The opening section of Lineage shows us the infamous assassination of Galeazzo Maria Sforza. It is here we must pause in wonder and delight that this recreation is being done for a video game!  In the age of massive online games and the dominance of science fiction, a game teaching you about the political intrigues of Florence in the 15th Century is quite remarkable, isn't it? I think it is!

Galeazzo Sforza's murder in Lineage highlights the far reaching power emanating from Rome

As the game progresses, you must travel to Venice - wonderfully recreated from the Canals to the top of the Basilica San Marco di Venezia. The time of your arrival coincides with the famous Venetian Carnival - and you are able to traverse the streets and canals of  Venice during this - the entire city coming alive with color and sound.
Gameplay video of Ezio stalking about in Vence during Carnivale. Beware the annoying minstrels!

All roads of course lead to Rome, and Ezio is soon on the heels of one Rodrigo Borgia. A charismatic yet corrupted nobleman of Spanish origin, with close ties to the Pope Innocent III.  Borgia himself became Pope in 1492, serving as Pope Alexander VI, which is also referenced in the final section of the game - with Ezio sneaking into a heavily guarded Vatican and making an attempt on Borgia's life during a sermon delivered in the Sistine Chapel. Being 1496, the ceiling is not yet graced by Michelangelo's fresco - though the game depicts it as blank - when it was actually adorned with a star patterning by Piero Matteo d'Amelia.

Manuel Tadros plays a very cunning Rodrigo Borgia/Pope Alexander in the game and film Lineage. Pictured left is a portrait of Alexander VI.

For some great reading about the Borgia and the Medici, Christopher Hibberts' The House of Medici: Its Rise and Fall and The Borgias and their Enemies are highly recommended. Achieving that perfect balance between quality of detail and ease of reading - they provide the full picture of what the portrayals in games and movies are stylised echoes of.


In addition to this, please take some time to look at The Medici Archive Project. It is an international project, encompassing ongoing work by experts to create a universal archive of Medici documents for use by historians, and for posterity.
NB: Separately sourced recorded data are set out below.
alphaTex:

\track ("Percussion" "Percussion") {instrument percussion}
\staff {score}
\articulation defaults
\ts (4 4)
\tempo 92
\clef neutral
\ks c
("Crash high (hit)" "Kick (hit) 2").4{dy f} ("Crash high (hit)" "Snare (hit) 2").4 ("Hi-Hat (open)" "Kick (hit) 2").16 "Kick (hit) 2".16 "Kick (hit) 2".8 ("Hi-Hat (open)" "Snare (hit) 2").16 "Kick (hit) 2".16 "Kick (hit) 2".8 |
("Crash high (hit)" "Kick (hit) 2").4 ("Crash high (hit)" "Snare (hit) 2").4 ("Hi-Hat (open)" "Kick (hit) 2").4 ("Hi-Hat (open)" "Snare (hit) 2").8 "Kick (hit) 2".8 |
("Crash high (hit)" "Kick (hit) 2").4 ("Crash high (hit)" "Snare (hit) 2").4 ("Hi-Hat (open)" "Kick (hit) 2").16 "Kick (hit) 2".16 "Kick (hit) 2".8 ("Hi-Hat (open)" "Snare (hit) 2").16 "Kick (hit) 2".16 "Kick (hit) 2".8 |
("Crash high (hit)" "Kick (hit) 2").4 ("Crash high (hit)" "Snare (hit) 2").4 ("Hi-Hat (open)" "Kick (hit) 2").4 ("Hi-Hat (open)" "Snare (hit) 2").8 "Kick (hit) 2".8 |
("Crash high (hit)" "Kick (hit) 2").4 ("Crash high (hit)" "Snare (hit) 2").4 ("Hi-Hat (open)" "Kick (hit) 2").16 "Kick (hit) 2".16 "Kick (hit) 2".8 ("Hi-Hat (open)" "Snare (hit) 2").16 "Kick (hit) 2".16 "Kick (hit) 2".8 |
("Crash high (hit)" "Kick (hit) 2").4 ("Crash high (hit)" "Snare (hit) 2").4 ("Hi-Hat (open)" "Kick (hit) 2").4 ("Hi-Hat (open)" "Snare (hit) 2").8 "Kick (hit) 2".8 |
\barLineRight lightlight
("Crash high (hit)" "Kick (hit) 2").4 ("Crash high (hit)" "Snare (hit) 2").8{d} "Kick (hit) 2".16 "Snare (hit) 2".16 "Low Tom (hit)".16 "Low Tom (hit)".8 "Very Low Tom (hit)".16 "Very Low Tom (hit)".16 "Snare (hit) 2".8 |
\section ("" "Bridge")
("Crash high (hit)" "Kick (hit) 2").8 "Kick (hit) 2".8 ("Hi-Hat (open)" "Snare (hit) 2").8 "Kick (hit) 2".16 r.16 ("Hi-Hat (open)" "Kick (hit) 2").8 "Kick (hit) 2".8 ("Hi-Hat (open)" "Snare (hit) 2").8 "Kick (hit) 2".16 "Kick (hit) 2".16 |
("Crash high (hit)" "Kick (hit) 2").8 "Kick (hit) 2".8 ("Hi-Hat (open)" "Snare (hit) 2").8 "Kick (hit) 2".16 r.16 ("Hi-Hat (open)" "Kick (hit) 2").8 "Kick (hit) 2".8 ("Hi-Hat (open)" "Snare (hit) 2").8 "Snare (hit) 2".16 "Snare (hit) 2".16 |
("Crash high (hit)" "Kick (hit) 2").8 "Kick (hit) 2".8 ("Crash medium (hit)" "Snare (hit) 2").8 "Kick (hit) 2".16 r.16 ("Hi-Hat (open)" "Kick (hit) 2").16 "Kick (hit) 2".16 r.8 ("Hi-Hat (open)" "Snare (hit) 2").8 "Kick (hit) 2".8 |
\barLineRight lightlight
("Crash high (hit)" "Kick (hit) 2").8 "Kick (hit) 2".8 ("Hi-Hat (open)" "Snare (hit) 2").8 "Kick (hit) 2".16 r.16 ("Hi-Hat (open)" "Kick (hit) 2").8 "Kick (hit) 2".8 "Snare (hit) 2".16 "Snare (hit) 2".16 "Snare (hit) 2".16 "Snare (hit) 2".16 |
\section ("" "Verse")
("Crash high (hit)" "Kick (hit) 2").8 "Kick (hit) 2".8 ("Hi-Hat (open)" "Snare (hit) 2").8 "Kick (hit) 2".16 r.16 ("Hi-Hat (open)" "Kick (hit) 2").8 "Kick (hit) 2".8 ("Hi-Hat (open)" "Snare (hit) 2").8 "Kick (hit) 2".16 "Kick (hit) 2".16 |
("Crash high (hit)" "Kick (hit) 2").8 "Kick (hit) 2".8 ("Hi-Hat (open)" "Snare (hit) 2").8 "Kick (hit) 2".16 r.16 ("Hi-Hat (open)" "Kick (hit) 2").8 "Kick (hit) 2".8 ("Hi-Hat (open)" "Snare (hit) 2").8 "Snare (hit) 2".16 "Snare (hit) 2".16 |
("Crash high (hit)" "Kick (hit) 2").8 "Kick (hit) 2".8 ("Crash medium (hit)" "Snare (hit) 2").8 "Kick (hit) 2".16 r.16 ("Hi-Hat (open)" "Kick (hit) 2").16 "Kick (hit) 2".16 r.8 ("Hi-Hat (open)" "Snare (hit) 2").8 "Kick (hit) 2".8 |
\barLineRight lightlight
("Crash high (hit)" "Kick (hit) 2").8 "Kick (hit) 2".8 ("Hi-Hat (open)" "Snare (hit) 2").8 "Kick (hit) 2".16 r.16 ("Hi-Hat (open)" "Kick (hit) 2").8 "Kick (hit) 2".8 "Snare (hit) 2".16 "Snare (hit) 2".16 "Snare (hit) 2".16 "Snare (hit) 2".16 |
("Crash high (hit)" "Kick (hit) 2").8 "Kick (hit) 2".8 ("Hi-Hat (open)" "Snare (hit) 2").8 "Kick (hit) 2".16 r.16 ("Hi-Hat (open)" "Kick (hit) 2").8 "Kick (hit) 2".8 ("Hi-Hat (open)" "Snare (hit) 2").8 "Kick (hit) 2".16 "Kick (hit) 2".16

Finally, the game itself... Assassin's Creed 2 was released in 2009 across multiple console platforms and in 2010 on PC. It can be purchased online in digital format(for PC) or at local game stores. It is one of the rare examples where history shapes the game, and not the other way around. For those curious, playing the original Assassins Creed is not required to be able to jump straight into the Renaissance.

3 comments:

Unknown said...

I love Renaissance Florence, and I look forward to playing this game once they get the DRM issues addressed to my satisfaction.

Lorenzo di Medici is one of my favorites from the Middle Ages and Renaissance, along with Eleanor of Aquitaine and Queen Elizabeth I. Seeing Medici politics played out in game will be fun.
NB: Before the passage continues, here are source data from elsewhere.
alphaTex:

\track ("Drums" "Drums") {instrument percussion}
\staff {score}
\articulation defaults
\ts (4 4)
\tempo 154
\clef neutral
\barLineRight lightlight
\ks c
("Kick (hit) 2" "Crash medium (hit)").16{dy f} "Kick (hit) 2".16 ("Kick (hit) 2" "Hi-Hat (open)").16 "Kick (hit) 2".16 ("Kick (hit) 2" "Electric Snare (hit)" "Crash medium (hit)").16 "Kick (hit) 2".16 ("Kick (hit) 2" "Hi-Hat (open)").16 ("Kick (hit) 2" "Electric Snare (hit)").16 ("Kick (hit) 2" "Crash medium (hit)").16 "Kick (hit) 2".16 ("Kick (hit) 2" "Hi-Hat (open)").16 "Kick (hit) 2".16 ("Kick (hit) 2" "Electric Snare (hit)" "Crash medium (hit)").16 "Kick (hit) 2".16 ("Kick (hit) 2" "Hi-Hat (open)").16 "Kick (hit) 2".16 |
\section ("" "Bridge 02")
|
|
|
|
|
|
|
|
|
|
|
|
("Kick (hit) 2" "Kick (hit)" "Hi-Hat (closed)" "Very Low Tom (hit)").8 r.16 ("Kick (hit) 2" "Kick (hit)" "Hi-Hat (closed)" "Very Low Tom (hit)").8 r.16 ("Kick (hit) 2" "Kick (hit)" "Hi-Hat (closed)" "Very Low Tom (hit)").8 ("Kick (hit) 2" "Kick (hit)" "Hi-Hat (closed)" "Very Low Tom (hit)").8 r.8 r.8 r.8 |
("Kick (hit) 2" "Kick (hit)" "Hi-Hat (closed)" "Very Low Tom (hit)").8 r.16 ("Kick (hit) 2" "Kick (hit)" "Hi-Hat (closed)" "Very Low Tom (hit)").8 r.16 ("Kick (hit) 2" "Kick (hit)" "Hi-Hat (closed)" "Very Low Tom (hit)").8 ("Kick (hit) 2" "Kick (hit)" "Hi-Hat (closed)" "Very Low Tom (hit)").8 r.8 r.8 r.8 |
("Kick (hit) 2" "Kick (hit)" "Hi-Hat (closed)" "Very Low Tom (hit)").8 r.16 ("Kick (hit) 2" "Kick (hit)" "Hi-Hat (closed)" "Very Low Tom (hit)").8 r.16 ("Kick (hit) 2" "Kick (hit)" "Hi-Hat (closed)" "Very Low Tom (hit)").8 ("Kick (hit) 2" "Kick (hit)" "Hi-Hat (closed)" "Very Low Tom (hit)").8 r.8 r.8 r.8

Hibbert was a fine writer. I read his book on the French Revolution for a history class, and quite thoroughly enjoyed it. He has a writing style that is engaging and interesting, and certainly does not fit the typecast 'dry historian' role.

Unknown said...

Hi Jae!

Lorenzo was indeed fascinating! A true student of Antiquity. His patronage of Botticelli in particular, and works such as 'La Primavera' and 'Birth of Venus' tell us much about the Classical Learning of which he, and scholars such as Barbaro and Machiavelli were so proud.

Thanks for reading :)

Anonymous said...

There is an interesting attempt at re-creating Lorenzo's true appearance on YouTube. You can find it by searching there for Lorenzo de Medici.